Stop alle inchieste con titoli da film
Costa: "I nomi dovranno rispettare la presunzione di innocenza, senza evocare una condanna certa".
Un tempo era il grande cinema a farsi tribunale: "Indagine su un cittadino al di sopra di ogni sospetto". Ora è la giustizia a farsi film.
Questo il pensiero di Enrico Costa: "Molte inchieste – argomenta – vengono rappresentate come fossero dei film. C’è un titolo, un trailer, una conferenza stampa nella quale proiettano gli arresti, le intercettazioni anche vocali. Poi ci sono i protagonisti, ovvero i pubblici ministeri, che rilasciano interviste. Infine, c’è il botteghino di questo capolavoro che è la Rete. Eppure in questo film parla solo una campana, quella dell’accusa, la difesa non viene citata nemmeno nei titoli di coda. Le sentenze, specie di assoluzione, non interessano più nessuno".
Costa, vuole silenziare i pm?
"Buona parte dei pm lavora silenziosamente, e soffre la spettacolarizzazione che fanno pochi e rumorosi colleghi".
Perché ha presentato una proposta, accolta dal governo, che elimina i titoli lesivi delle inchieste?
"Si tratta di una norma di civiltà.
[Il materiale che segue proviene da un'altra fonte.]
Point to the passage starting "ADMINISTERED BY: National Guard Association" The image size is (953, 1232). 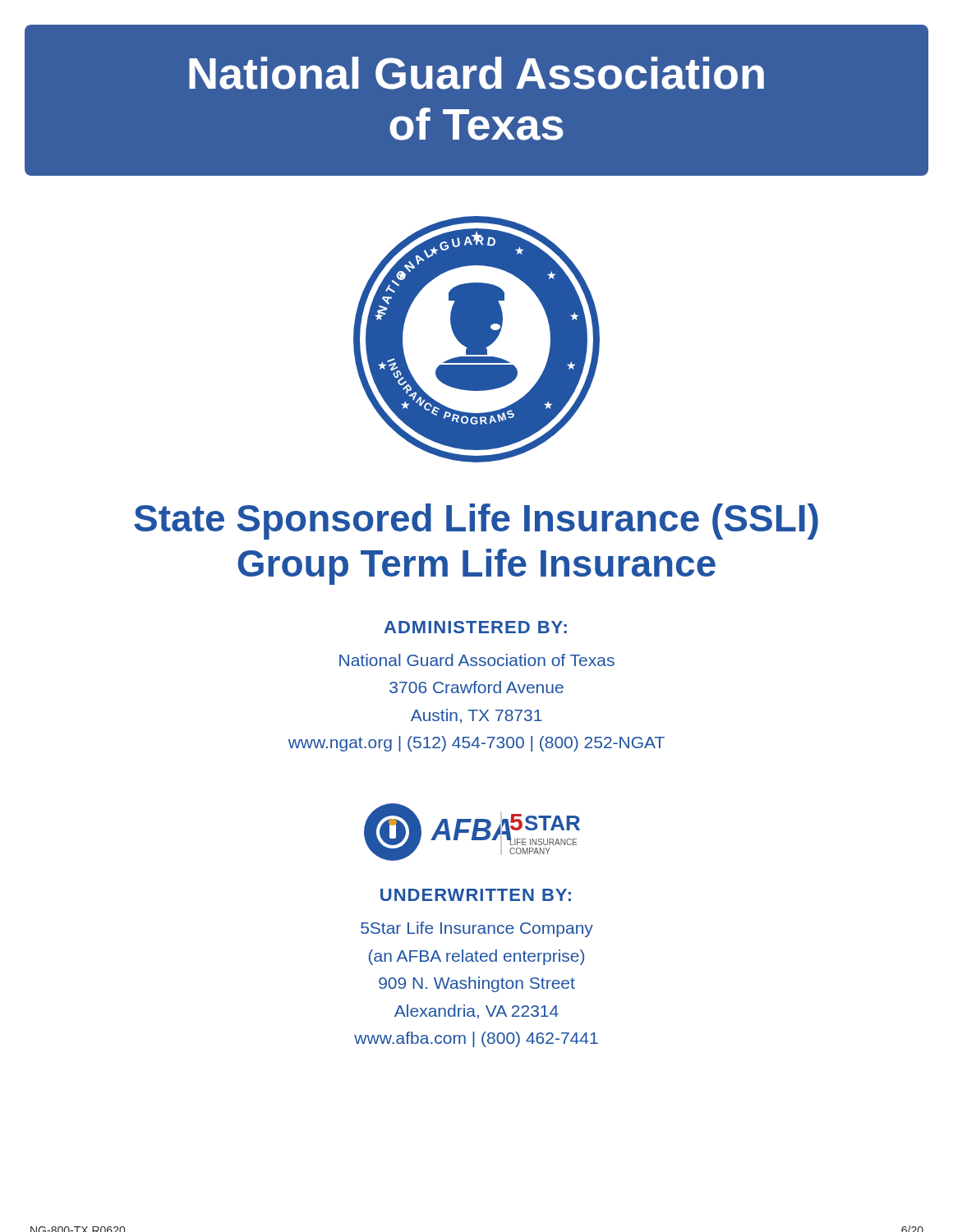476,686

I nomi delle inchieste e le conferenze stampa sono un marchio indelebile sull’indagato e restano impresse anche sull’innocente in caso di assoluzione".
Non vedremo più indagini che si chiameranno “Mafia Capitale”, “Evasione continua”, “Pelli sporche”?
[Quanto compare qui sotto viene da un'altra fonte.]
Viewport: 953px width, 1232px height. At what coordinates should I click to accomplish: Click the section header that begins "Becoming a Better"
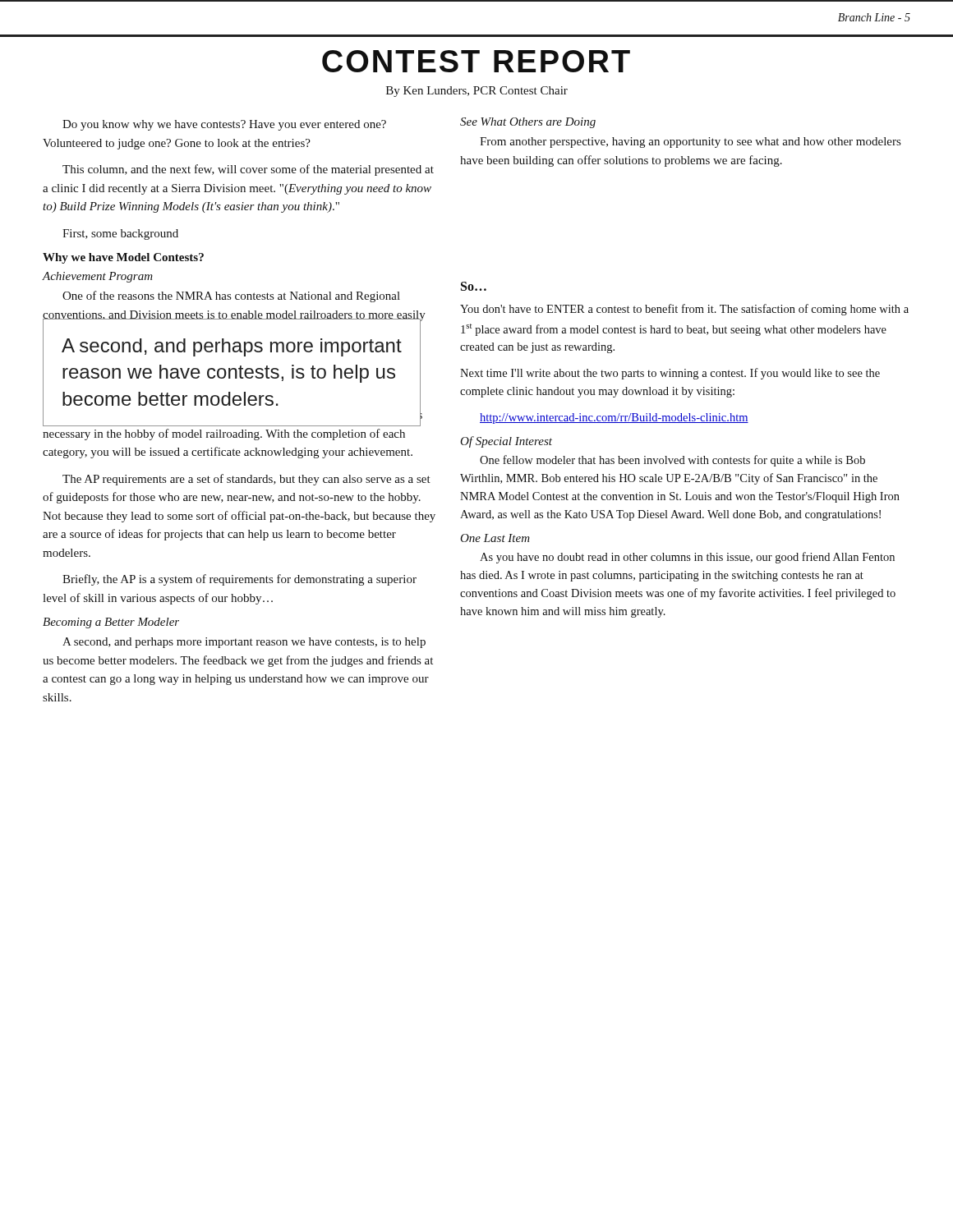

"I nomi dovranno rispettare la presunzione di innocenza. Non dovranno evocare una condanna certa. L’esecutivo ha recepito la direttiva europea in linea con un mio emendamento".
Chi sono gli autori dei nomi delle inchieste? I pm?
"Nessuna norma prevede di assegnare un nome, che è sempre colpevolista, alle indagini. Molto spesso nascono dalla polizia giudiziaria e i pm non si oppongono".
Non teme che il decreto possa subire modifiche nelle commissioni parlamentari?
"L’impianto è chiaro ma potrà essere affinato".
Giuseppe Conte fa sapere che "se il M5S avrà i voti cambierà la riforma Cartabia".
"Queste parole qualificano una linea del tutto illiberale".
L'intervista di Enrico Costa al Corriere della Sera.